Sunday, August 8, 2010
Mixing up the Medicine: What Alcohol Doesn’t Go With
Drug/Drink interactions are no joke.
--Mixing alcohol with certain antibiotics, like Furozone and Flagyl, can lead to headache, nausea, vomiting, and even convulsions.
--Chronic alcohol consumption increases the risk of liver damage from surgical anesthetics like Ethrane and Fluothane.
--Alcohol decreases the effectiveness of Inderal, a common medication used to control blood pressure.
--Continued high levels of alcohol activate the enzymes that metabolize Tylenol and other forms of acetaminophen into compounds that can impair the functions of the liver. In older persons, the combination markedly increases the risk of gastric bleeding.
Get your exercise, eat your vegetables—and don’t mix alcohol with a list of common medications about as long as your arm. Unfortunate but true. But let’s face it—people cut corners on this matter all the time. People like to drink. With 70 percent of the adult population consuming alcohol at least occasionally, and more than 10 percent consuming it on a daily basis, the 14 billion prescriptions doctors write annually, accounting for more than 2,800 prescription drugs (plus another 2,000 over-the-counter medications) means that the “concurrent use” of booze and pills is inevitable (figures from NIAAA).
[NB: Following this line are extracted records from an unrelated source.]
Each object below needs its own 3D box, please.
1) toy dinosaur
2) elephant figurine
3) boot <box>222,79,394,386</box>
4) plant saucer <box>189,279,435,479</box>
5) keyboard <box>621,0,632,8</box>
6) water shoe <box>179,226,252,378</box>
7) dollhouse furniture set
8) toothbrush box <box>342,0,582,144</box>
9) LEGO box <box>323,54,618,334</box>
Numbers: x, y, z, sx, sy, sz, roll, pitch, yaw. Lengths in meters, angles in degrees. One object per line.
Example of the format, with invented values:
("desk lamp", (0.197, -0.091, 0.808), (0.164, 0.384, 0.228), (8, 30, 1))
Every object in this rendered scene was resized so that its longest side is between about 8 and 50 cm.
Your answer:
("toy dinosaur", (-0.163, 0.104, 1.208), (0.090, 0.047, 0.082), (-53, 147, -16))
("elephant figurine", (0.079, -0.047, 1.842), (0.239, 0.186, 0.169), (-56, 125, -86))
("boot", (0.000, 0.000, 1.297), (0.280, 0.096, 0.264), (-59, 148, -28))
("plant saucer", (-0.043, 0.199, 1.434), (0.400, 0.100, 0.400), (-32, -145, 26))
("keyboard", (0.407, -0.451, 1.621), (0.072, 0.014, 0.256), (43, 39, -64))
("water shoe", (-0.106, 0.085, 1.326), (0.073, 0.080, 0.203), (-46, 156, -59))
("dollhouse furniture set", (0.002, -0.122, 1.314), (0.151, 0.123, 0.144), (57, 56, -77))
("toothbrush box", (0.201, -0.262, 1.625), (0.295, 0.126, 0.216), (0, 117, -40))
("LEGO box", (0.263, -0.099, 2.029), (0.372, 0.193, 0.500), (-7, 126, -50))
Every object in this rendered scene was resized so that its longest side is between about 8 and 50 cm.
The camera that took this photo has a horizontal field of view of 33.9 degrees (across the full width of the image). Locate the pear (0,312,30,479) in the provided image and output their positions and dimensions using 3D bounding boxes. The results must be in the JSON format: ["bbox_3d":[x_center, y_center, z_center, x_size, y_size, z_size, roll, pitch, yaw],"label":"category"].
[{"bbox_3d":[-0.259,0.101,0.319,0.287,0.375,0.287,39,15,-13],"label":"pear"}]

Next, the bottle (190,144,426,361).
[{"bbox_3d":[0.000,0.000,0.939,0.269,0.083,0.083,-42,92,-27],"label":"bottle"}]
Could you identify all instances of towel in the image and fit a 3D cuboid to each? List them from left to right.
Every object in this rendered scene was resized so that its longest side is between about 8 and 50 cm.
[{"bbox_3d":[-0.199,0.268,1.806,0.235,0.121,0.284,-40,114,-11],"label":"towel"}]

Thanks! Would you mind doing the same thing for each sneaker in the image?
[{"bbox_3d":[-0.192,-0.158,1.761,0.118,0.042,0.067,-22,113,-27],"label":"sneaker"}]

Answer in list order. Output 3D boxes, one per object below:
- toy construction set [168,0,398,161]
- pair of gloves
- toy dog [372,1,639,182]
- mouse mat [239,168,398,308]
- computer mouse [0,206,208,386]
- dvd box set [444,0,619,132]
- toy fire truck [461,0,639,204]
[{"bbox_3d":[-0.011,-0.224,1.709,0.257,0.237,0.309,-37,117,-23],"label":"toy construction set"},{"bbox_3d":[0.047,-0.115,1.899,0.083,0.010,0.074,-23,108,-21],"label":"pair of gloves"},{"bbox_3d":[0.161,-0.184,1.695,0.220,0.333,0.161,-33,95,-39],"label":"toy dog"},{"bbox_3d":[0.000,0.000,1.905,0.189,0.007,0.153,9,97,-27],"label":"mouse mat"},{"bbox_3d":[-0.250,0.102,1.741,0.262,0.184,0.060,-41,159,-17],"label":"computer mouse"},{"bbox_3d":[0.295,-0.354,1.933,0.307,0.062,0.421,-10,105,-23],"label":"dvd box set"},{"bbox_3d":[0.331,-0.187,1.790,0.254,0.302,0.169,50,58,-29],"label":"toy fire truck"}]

But it’s my job to be the wet blanket, and soldier on, and present my readers with a list of common drugs, which, if any of my readers are taking them regularly, means they should not be getting their drink on.
What is actually going on when alcohol and prescription drugs interact? The amount of drug that reaches its site of action is known as its availability. Alcohol can have a direct effect on a drug’s availability and hence its effectiveness. Alcohol in acute doses—a drink now and then, or a few drinks over several hours—can increase a drug’s availability by competing for the same set of enzymes of metabolization. This increases the chances of harmful side effects. Alcohol in chronic doses—long-term heavy drinking—can have the opposite effect, decreasing a drug’s availability and effectiveness by activating metabolizing enzymes, even in the absence of alcohol.
I have edited the list to eliminate low-risk, trivial, or commonly understood interactions. Most people, for example, know that drinking seriously on top of prescription sedatives, opiates and other painkillers, or anti-anxiety medications like Xanax and Valium, is universally understood to be a risky venture. That particular combination is how lots of people stop breathing, permanently.
Having glossed those categories, we move on to a blizzard of other restrictions for daily drinkers, some very serious, some less so. They have been culled from the University of Rochester’s excellent University Health Service site, and from publications available at the website for the National Institute on Alcohol Abuse and Alcoholism (NIAAA). An extensive list of references can be found at NIAAA’s Alcohol Alert.
--Other antibiotics that may be responsible for adverse effects, according to the NIAAA, includes Acrodantin, Flagyl, Grisactin, Nizoral, Nydrazid, Seromycin, and Tindamax (all trade names).
--Cardiovascular medication that can cause possible problems if combined regularly with alcohol include Coumadin and Nitroglycerin which may become less effective, while blood pressure meds like Catapres, Lopressor, Accupril, and several others may lead to dizziness and fainting. The NIAAA also notes potential reductions in the therapeutic effects of reserpine, methyldopa, hydralizine, and guanethidine.
--Allergies/cold medications react with alcohol in the usual way—increased drowsiness, and possible dizziness, particularly in the elderly. Drugs containing diphenhydramine, like Benadryl, or chlorpheniramine, like Tylenol Cold and Flu, can prove substantially more sedating with alcohol.
--The anti-ulcer medications Tagamet and Zantac “increase the availability of a low dose of alcohol under some circumstances.”
--Thorazine, a common antipsychotic, can lead to “fatal breathing difficulties” when combined with alcohol, according to the NIAAA.
--The anti-seizure drug Dilantin may not control epileptic seizures as effectively in chronic drinkers.
There are others, too many to list here. But if you are a chronic drinker—and you know who you are—don’t be so quick to dismiss the variously-worded DO NOT MIX WITH ALCOHOL warnings if you find them on your pill bottles.